I have provided you a corpus of Mary Shelley’s Frankenstein for you to train your language model on. You have also been able to generate fake Frankenstein sentences (very thematic) using this language model. But what if you wanted to generate a language model based on a different training corpus? Perhaps you might be a Harry Potter fan who wants to write some fan fiction, or maybe you want to download a ton of Tweets with a particular hashtag to model how people are talking about some particular thing.

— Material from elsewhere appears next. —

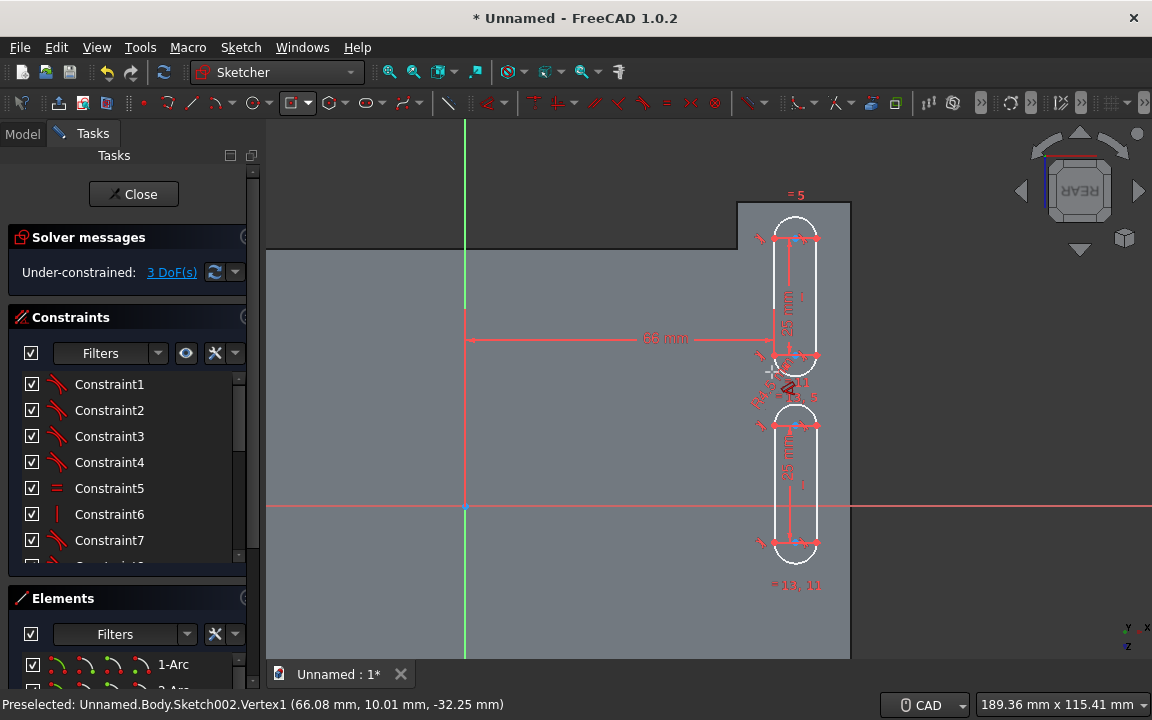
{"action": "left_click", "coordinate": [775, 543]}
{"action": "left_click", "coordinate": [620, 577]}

Generate an English corpus in the form of a file corpus.txt where, like in frankenstein.txt, each line contains a single sentence.
1. Document your source for the corpus. Something copyrighted is OK as long as you don’t share it further than here; this constitutes fair use for educational purposes.
2. Do not use a corpus that has already been generated in this exact format. Part of your assignment here is to use Python to do this bookkeeping work.
3. Submit corpus.txt as well as some .py script that you used to collate the text into this specific format.
Produce a few dozen sentences, some with random starts and some with chosen first words.
1. You may need to write another method to achieve a random sentence with a chosen first word.
2. Submit generated.txt containing your generated sentences.
In a file named reflections.txt, write a quick reflection on how you gathered your corpus and how well your outputs resemble (or do not resemble) typical English sentences. What limitations does this type of language model have in generating new text? What steps could be taken to improve your model?

In order to receive full extra credit points for this assignment, you must do all of the above steps. Partial credit may be awarded at instructor discretion, although be warned that no credit will be awarded without submitting a reflection (reflections.txt).

3. Feedback [5 points]

[1 point] Approximately how many hours did you spend on this assignment?
[2 point] Which aspects of this assignment did you find most challenging? Were there any significant stumbling blocks?
[2 point] Which aspects of this assignment did you like? Is there anything you would have changed?